# consolekit 0.4.1_1 ports build failure, workaround or i386 binary package available?



## mickrussom (Dec 2, 2009)

consolekit 0.4.1_1 ports build failure, workaround or i386 binary package available?


```
GEN GLib-2.0.gir
/usr/include/machine/endian.h:107: syntax error, unexpected '{'
/usr/include/machine/endian.h:107: syntax error, unexpected ';'
Command 
'['/usr/ports/devel/gobject-introspection/work/gobject-introspection-0.6.5/gir/tmp-introspectMS1zp2/GLib-2.0', '--introspect-dump=/usr/ports
/devel/gobject-introspection/work/gobject-introspection-0.6.5/gir/tmp-introspectMS1zp2/types.txt,/usr/ports/devel/gobject-introspection
/work/gobject-introspection-0.6.5/gir/tmp-introspectMS1zp2/dump.xml']' 
returned non-zero exit status -15
gmake[2]: *** [GLib-2.0.gir] Error 1
gmake[2]: Leaving directory 
`/usr/ports/devel/gobject-introspection/work/gobject-introspection-0.6.5/gir'
gmake[1]: *** [all-recursive] Error 1
gmake[1]: Leaving directory 
`/usr/ports/devel/gobject-introspection/work/gobject-introspection-0.6.5'
gmake: *** [all] Error 2
*** Error code 1
Stop in /usr/ports/devel/gobject-introspection.
*** Error code 1
Stop in /usr/ports/sysutils/polkit.
*** Error code 1
Stop in /usr/ports/sysutils/consolekit.
```

consolekit refuses to build, it sits at:


```
GEN GLib-2.0.gir
```
(FOREVER)


I waited for 6 hours for completion, never happened. 
process seems to hang:

```
34827 root 1 76 0 21112K 4416K umtxn 0:00 0.00% GLib-2.0
# procstat -k 34827
 PID TID COMM TDNAME KSTACK 
 34827 100148 GLib-2.0 initial thread mi_switch sleepq_switch sleepq_catch_signals sleepq_wait_sig _sleep _do_lock_umutex do_lock_umutex 
__umtx_op_wait_umutex _umtx_op syscall Xint0x80_syscall
```


Nothing I've been able to try gets this package to compile.
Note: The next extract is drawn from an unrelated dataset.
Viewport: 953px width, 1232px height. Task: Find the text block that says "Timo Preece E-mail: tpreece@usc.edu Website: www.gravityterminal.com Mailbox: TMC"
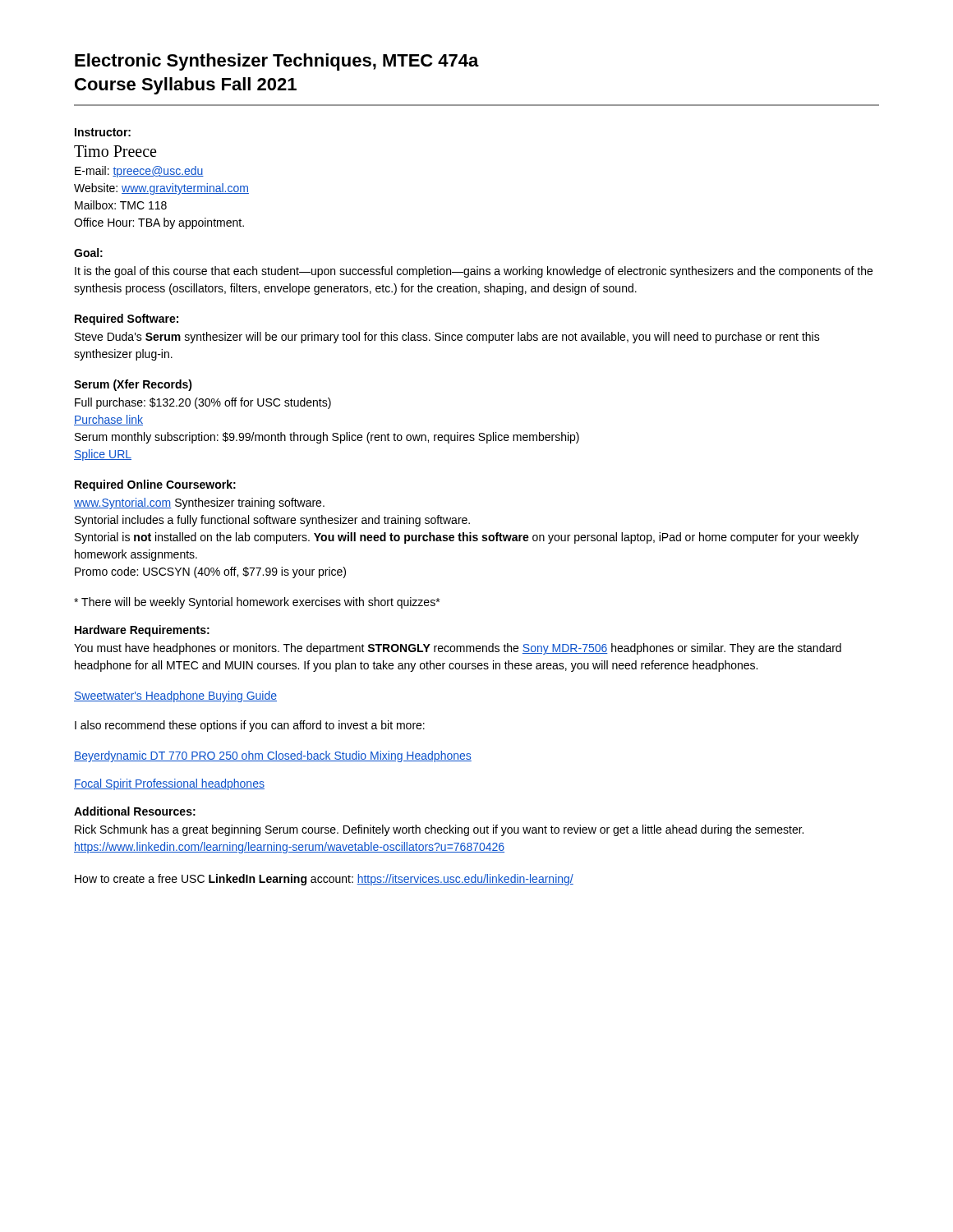[115, 151]

All other port builds (about 380 packages) work fine. (Rebuild ALL with portupgrade -af), only this *one* fails.

Any help here would be great, but I'm more than happy to use a binary package (i386) to move past this. It seems like a rather uninteresting dependency which I really could care anything about.

References:
http://www.freshports.org/sysutils/consolekit/

http://pointyhat.freebsd.org/errorlogs/i386-8-latest-logs/consolekit-0.3.0_8.log

(Note: isnt it odd to allow ports to be checked in without first building them here to see if they work?, not that 0.4.1_1 is not there as of 12/2/2009)

0.4.1_1 claims success on tinderbox:
http://tinderbox.sigabrt.org/index.php?action=describe_port&id=166

but the package offered there is only x86_64.


----------



## mickrussom (Dec 2, 2009)

*Its really gobject-introspection-0.6.5 that isnt building.*

I tried both the ports version of gobject-introspection-0.6.5 and the latest from the git-repo. 

Neither will compile.

The process seems to get hung here:



```
env LPATH=.libs env PYTHONPATH=..:..:$PYTHONPATH UNINSTALLED_INTROSPECTION_SRCDIR=.. UNINSTALLED_INTROSPECTION_BUILDDIR=.. ../tools/g-ir-
scanner -v --add-include-path=../gir --add-include-path=. --namespace GLib --nsversion=2.0 --noclosure --output GLib-2.0.gir --strip-prefix=g 
--libtool="/bin/sh /usr/local/bin/libtool" --c-include="glib.h" --library=glib-2.0 --pkg glib-2.0 -I/usr/local/include -I`pkg-config 
--variable=includedir glib-2.0`/glib-2.0 -DGETTEXT_PACKAGE=Dummy -D__G_I18N_LIB_H__ `pkg-config --variable=includedir glib-2.0`/glib-
2.0/glibconfig.h ./glib-2.0.c -DGLIB_COMPILATION `pkg-config --variable=includedir glib-2.0`/glib-2.0/glib/*.h
```

What this does is makes a file in some temp directory called glib-2.0c. This file gets compiled into GLib-2.0.o, this seems to then run and this seems to hang at this point. The types.txt file in the directory with GLib-2.0 / GLib-2.0.o is empty, and nothing happens.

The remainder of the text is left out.